## How to complete this task
Lines in the listing below containing the string "location" are to be identified and copied.

## Dataset content
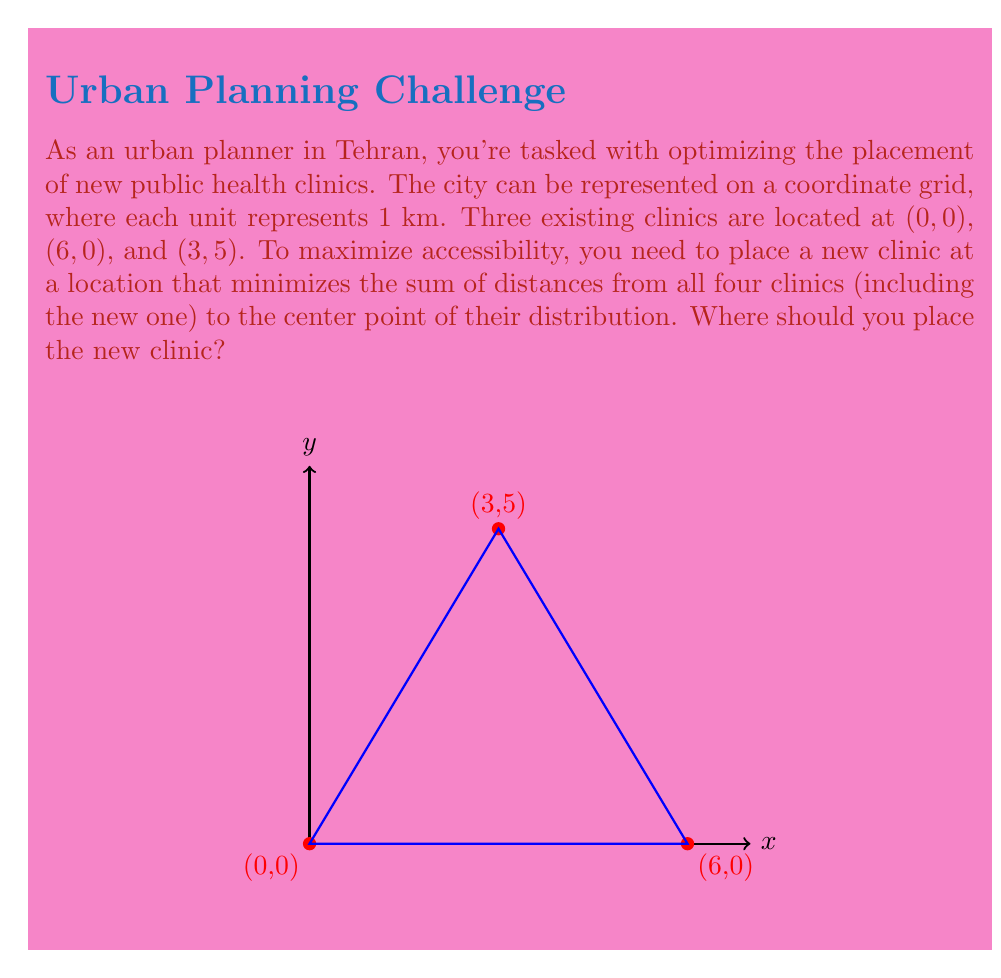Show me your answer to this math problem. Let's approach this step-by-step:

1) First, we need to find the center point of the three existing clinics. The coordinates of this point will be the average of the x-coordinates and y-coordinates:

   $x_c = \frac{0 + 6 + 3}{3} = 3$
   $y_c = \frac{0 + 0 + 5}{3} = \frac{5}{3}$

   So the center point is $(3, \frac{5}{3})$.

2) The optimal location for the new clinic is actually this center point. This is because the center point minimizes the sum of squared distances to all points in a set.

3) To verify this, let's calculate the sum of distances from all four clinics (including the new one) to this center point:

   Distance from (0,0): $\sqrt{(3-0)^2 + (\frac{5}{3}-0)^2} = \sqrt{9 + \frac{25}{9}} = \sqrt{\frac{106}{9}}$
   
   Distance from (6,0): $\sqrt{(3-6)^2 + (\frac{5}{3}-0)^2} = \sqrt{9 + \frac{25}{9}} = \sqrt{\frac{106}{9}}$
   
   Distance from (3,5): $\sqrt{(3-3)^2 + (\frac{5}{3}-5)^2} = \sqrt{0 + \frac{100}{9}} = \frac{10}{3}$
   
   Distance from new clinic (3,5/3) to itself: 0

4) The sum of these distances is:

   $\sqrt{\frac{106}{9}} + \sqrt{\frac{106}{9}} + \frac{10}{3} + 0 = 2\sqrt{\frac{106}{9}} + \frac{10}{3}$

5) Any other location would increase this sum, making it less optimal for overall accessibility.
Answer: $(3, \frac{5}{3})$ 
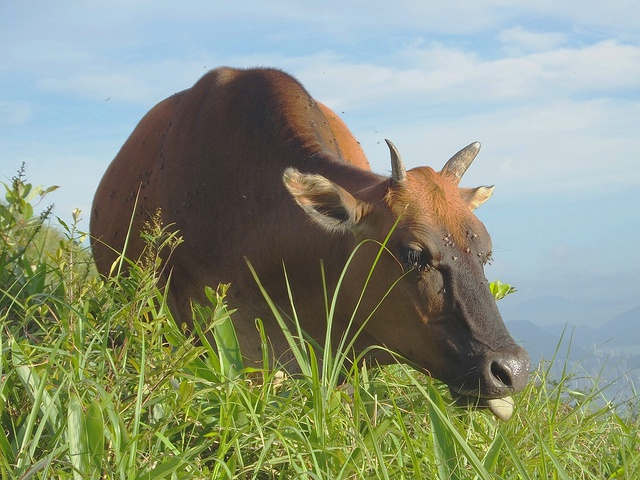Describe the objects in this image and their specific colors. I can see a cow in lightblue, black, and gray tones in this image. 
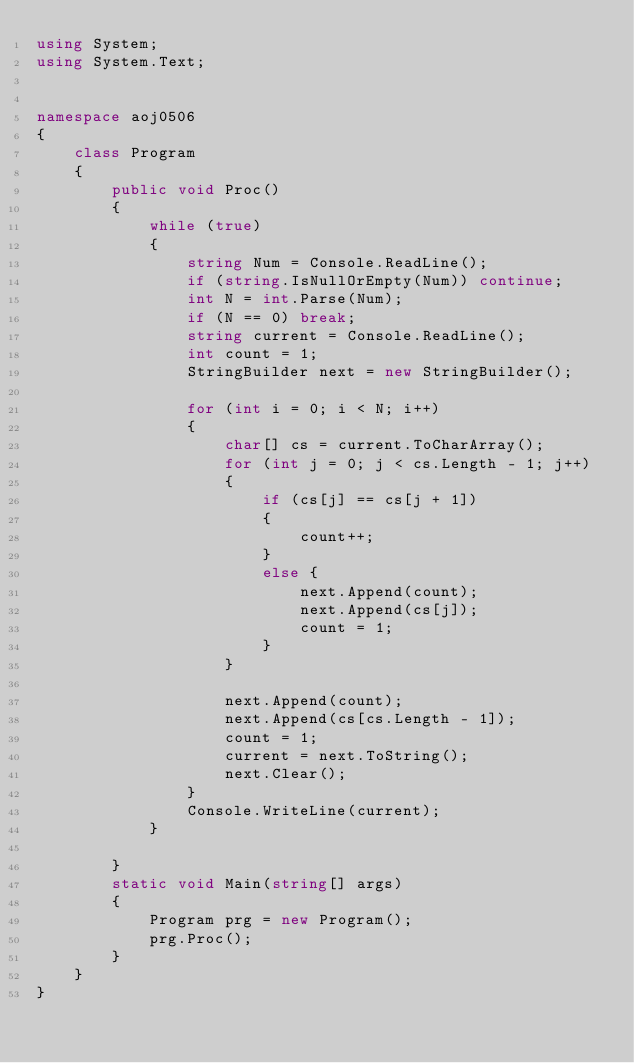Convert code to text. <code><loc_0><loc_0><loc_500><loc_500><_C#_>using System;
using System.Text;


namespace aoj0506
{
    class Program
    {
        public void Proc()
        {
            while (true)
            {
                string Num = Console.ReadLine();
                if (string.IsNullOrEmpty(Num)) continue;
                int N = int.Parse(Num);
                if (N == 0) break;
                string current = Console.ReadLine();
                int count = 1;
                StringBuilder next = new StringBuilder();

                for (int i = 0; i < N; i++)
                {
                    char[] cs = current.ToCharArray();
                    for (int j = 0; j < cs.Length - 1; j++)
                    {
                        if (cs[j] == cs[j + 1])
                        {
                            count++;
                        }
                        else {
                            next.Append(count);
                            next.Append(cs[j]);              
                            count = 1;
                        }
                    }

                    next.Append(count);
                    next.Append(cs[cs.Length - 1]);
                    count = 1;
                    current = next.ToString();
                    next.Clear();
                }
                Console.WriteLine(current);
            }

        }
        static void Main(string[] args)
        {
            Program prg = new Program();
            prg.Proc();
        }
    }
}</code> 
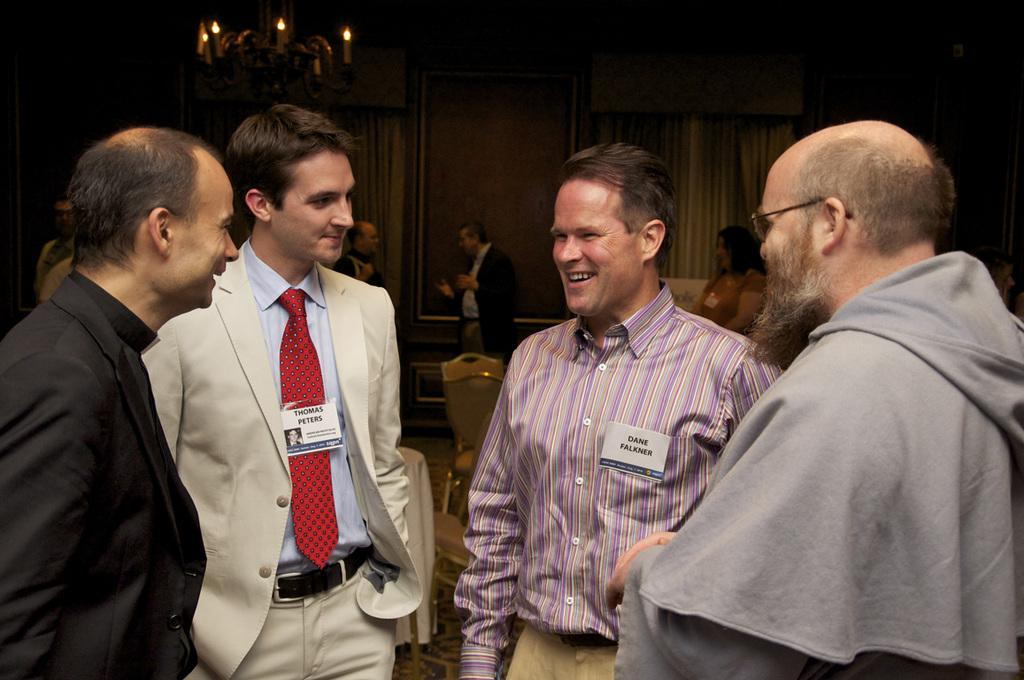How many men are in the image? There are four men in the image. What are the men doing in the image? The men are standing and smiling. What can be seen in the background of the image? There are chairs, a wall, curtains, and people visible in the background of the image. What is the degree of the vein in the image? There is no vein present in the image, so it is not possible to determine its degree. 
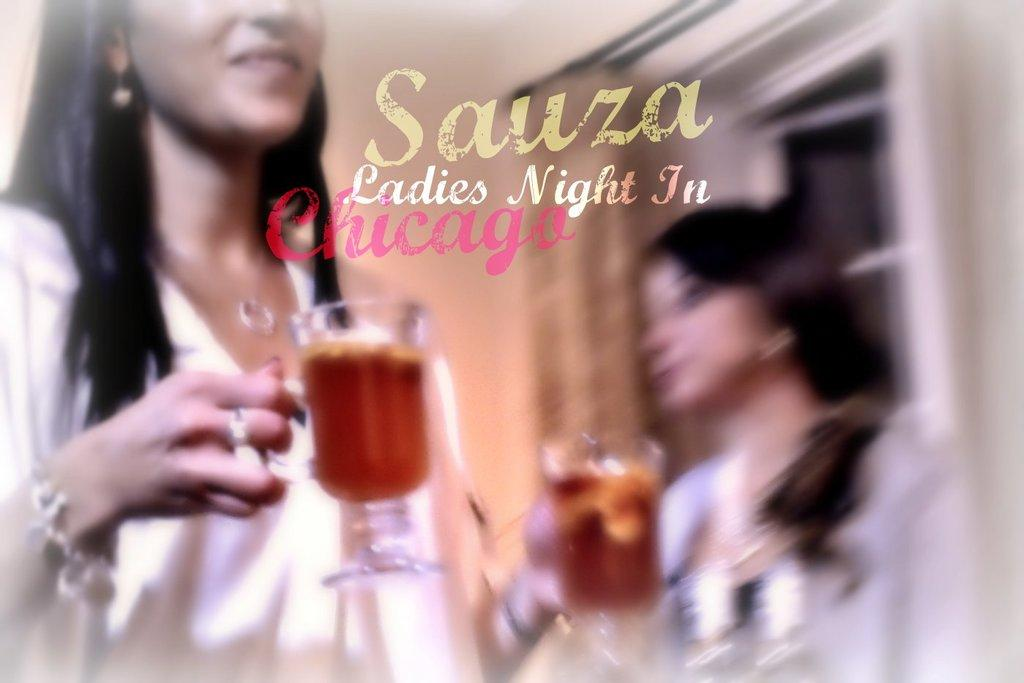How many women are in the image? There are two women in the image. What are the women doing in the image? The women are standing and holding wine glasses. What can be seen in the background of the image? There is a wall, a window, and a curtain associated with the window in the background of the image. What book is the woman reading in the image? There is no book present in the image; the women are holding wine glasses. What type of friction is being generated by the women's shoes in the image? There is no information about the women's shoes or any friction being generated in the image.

## Task result
2) The optimal location for the new clinic is actually this center point. This is because the center point minimizes the sum of squared distances to all points in a set.
5) Any other location would increase this sum, making it less optimal for overall accessibility.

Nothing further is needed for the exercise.